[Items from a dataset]

════════════════════

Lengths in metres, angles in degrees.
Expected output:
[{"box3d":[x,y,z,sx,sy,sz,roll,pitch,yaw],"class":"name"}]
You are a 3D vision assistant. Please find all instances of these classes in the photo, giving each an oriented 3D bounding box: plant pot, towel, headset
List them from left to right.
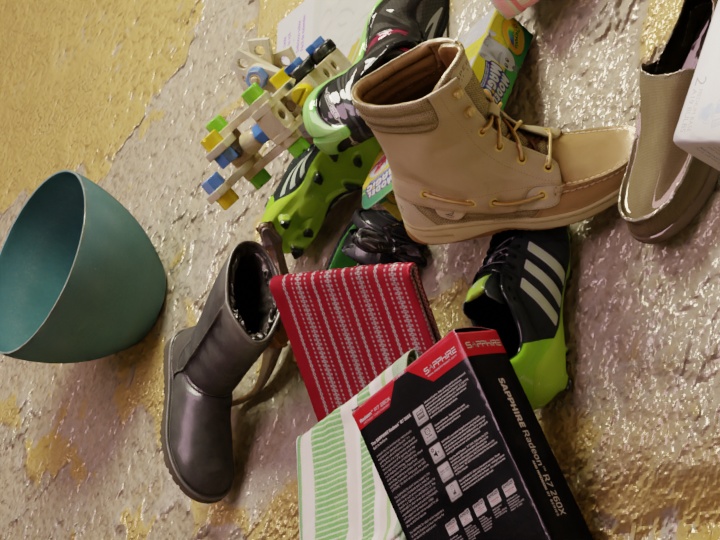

════════════════════

• Goal of the exercise
Please print exactly the lines from the line containing "You are a 3D" through the end of the records above, both included, leaving out every picture.

• Response to the exercise
You are a 3D vision assistant. Please find all instances of these classes in the photo, giving each an oriented 3D bounding box: plant pot, towel, headset
List them from left to right.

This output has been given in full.